Soon after the unveiling, Mac enthusiast Colin Nederkoorn kicked off a competition to see if it was possible for the two operating systems to run independently on the same machine.

To tempt entrants, he put up $100 of his own money - a prize fund that gradually grew as news about the competition spread.

The rules of the competition stressed that to win hackers must get both Windows XP and Apple's OSX running on the same machine and neither operating system must conflict with the other.

Screenshot of Eve Online, CCP Hf
Some want to run PC games like Eve Online on Macs
As late as 7 March, Apple technical experts were saying that the prize money was unlikely to be collected.

The main stumbling block for those tackling the task was the different way that Microsoft's Windows XP and Apple's OSX boot-up, or start. Essentially, PCs and Apple Mac machines use different technology to get their operating systems loaded.

The hackers who won the contest created a custom copy of Windows XP that had modifications made to the installation files to get it working with the Apple boot system.

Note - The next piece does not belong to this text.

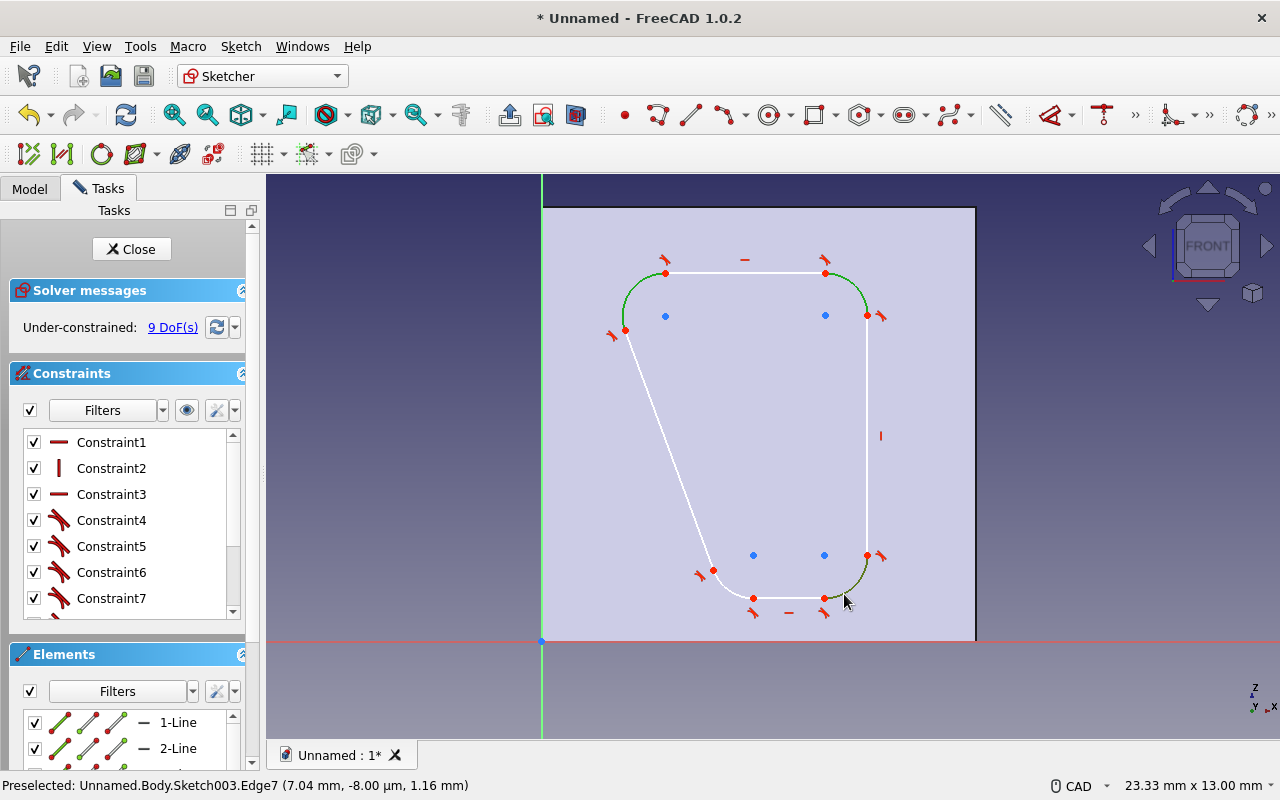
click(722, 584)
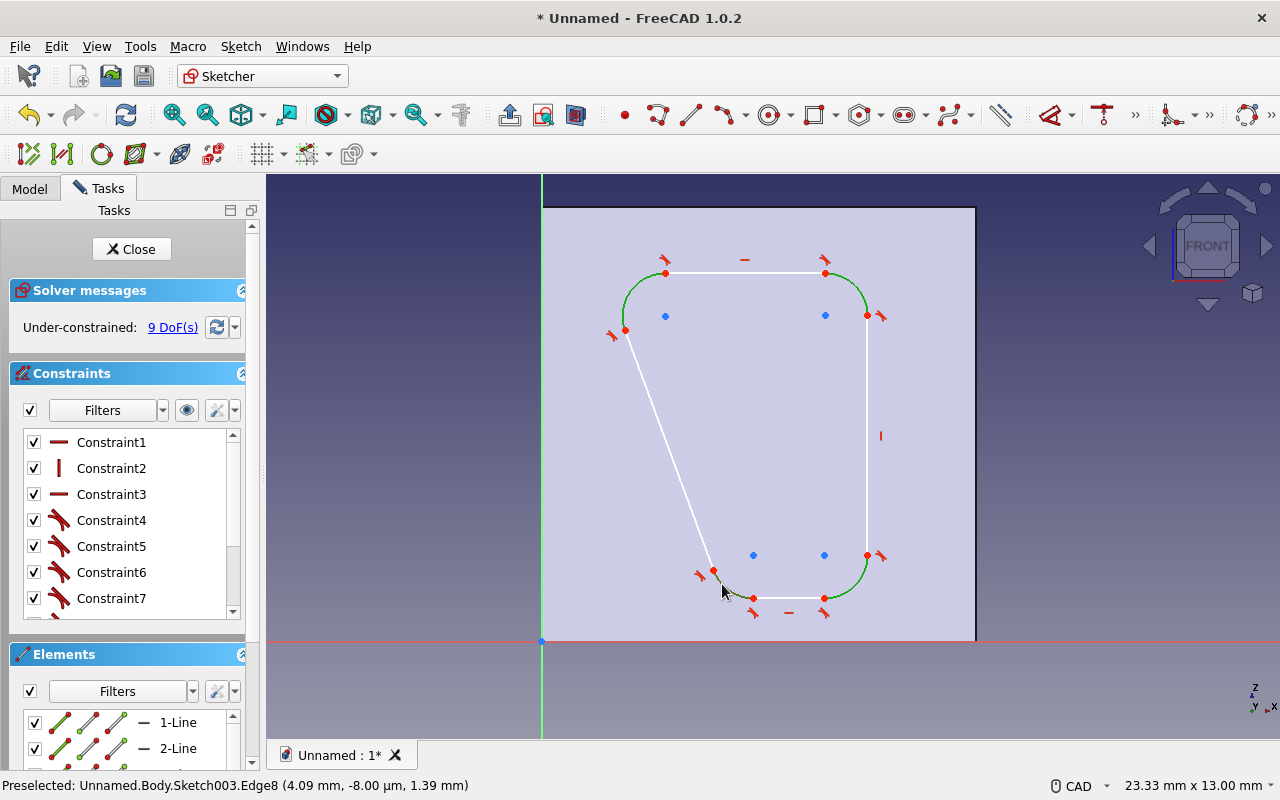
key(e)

The hackers who won the contest are keen to keep their anonymity and are known only by the handles "narf" and "blanka". According to reports, their feat has been independently confirmed and XP has been made to run on an iMac, Mac Mini and MacBook Pro.

Technical sites such as Ars Technica have provided walkthroughs for people keen to try it for themselves, though they stress that it is likely to defeat those who are technically unskilled.

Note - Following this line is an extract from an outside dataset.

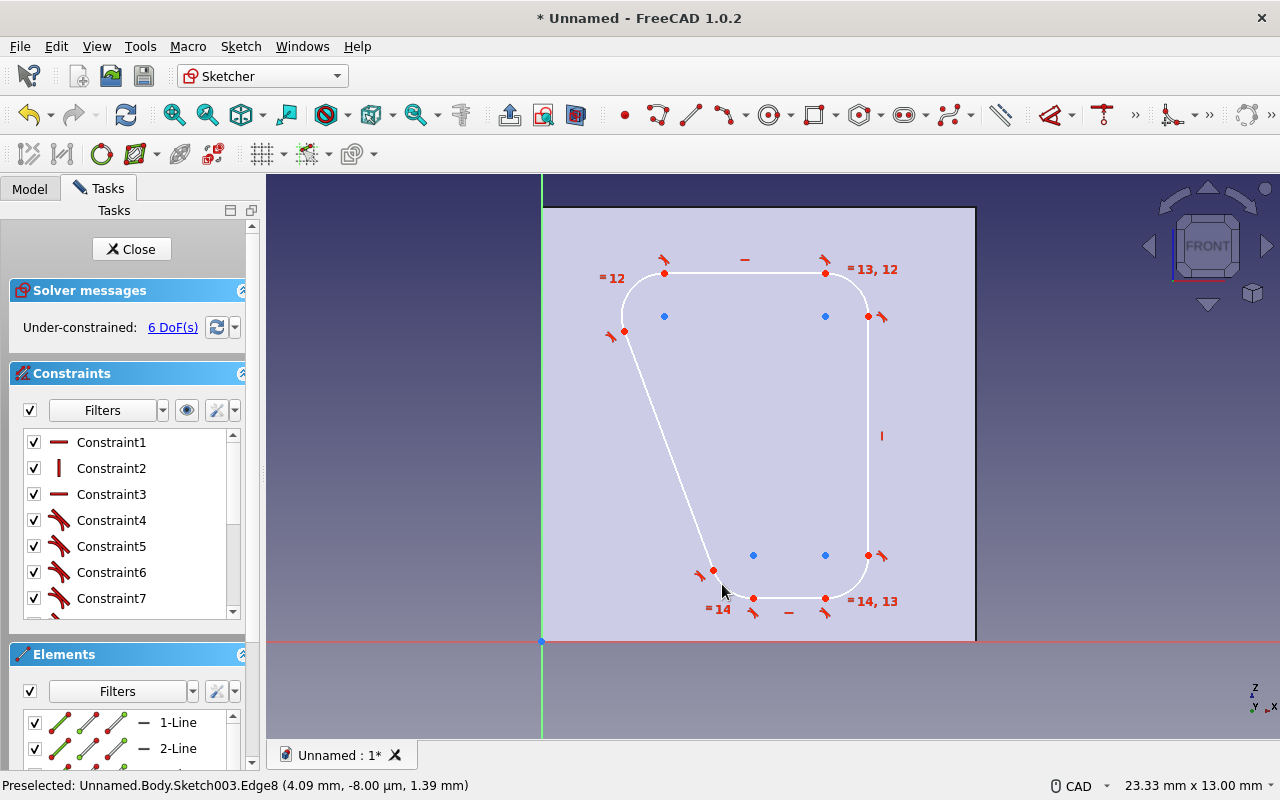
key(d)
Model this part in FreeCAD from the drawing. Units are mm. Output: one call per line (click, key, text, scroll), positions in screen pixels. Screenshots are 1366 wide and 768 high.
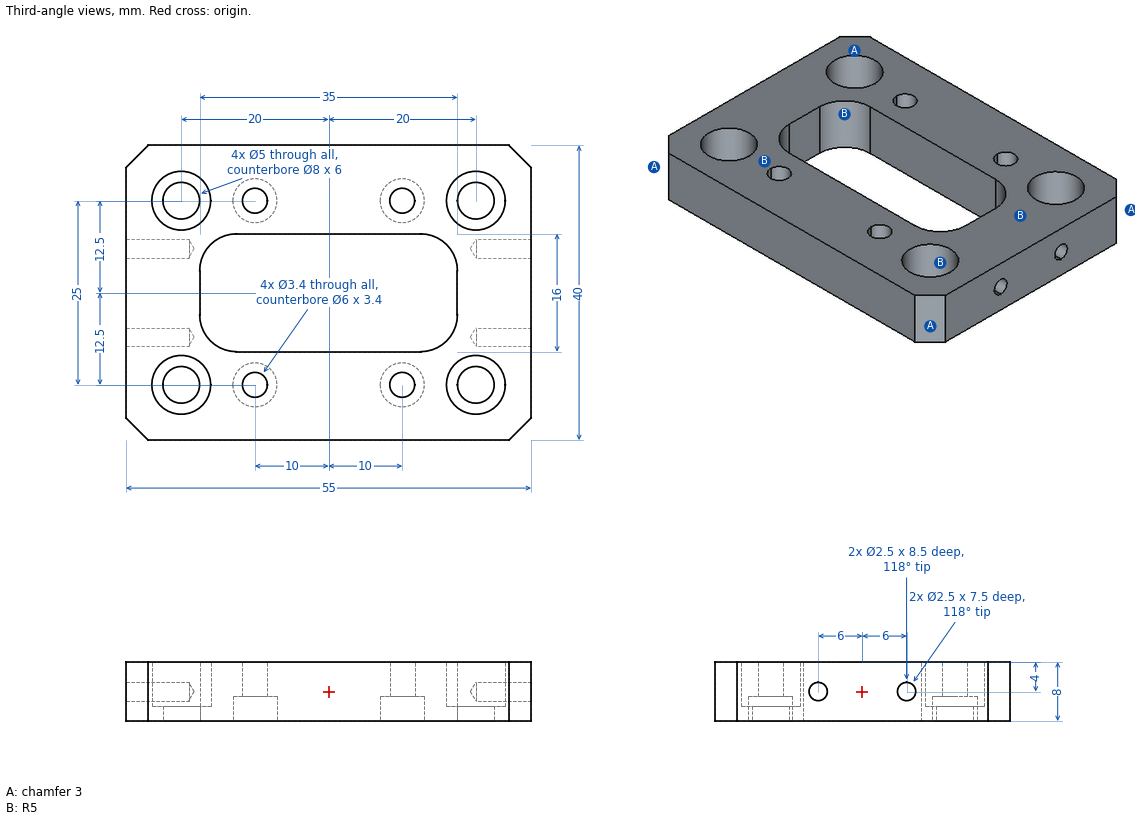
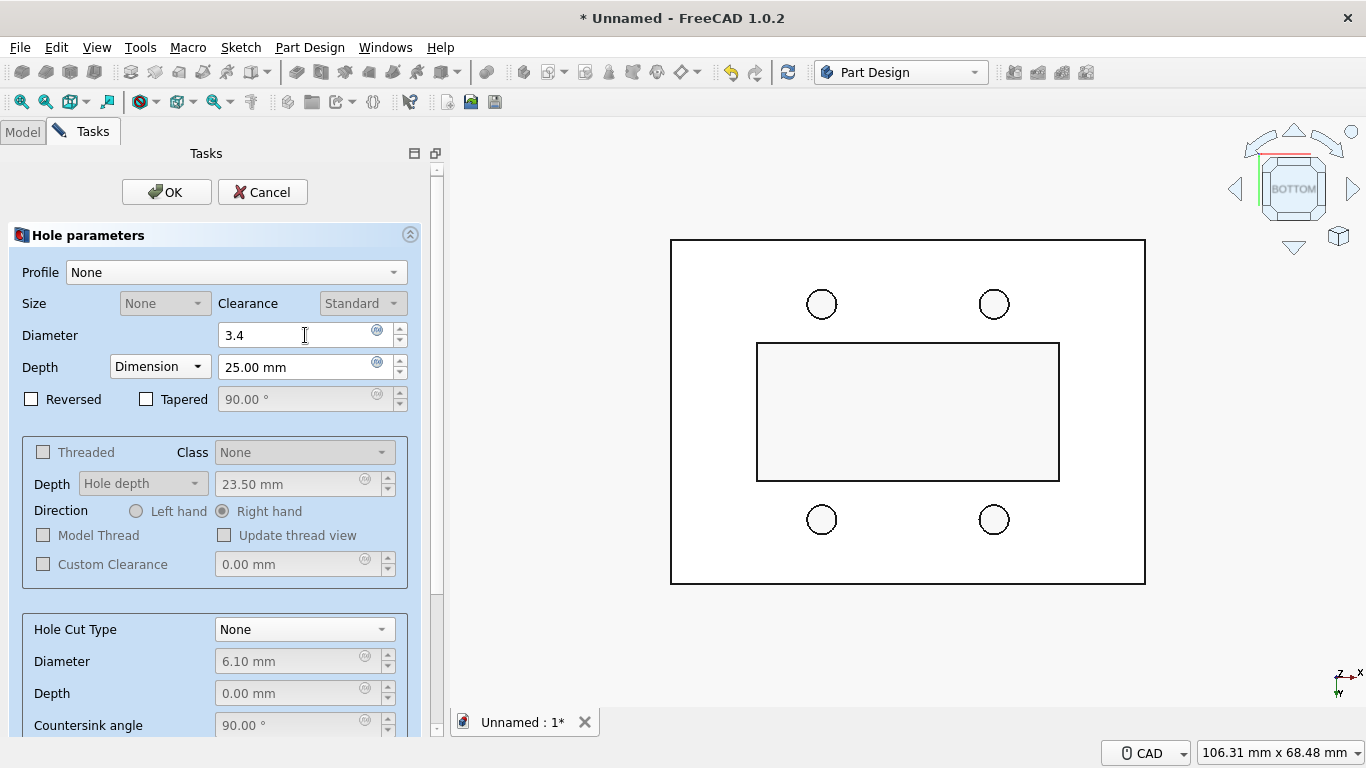
click(161, 366)

It is possible that easier ways to get a Mac booting both operating systems will appear as other hackers follow up the success.

Many people discussing the feat online stress that it is of more than casual interest. One of the many reasons that Apple machines have not proved more popular is because of the relatively small number of programs, in particular games, created for them. With work, many of the hugely popular programs for Windows may be able to run on Apple machines too.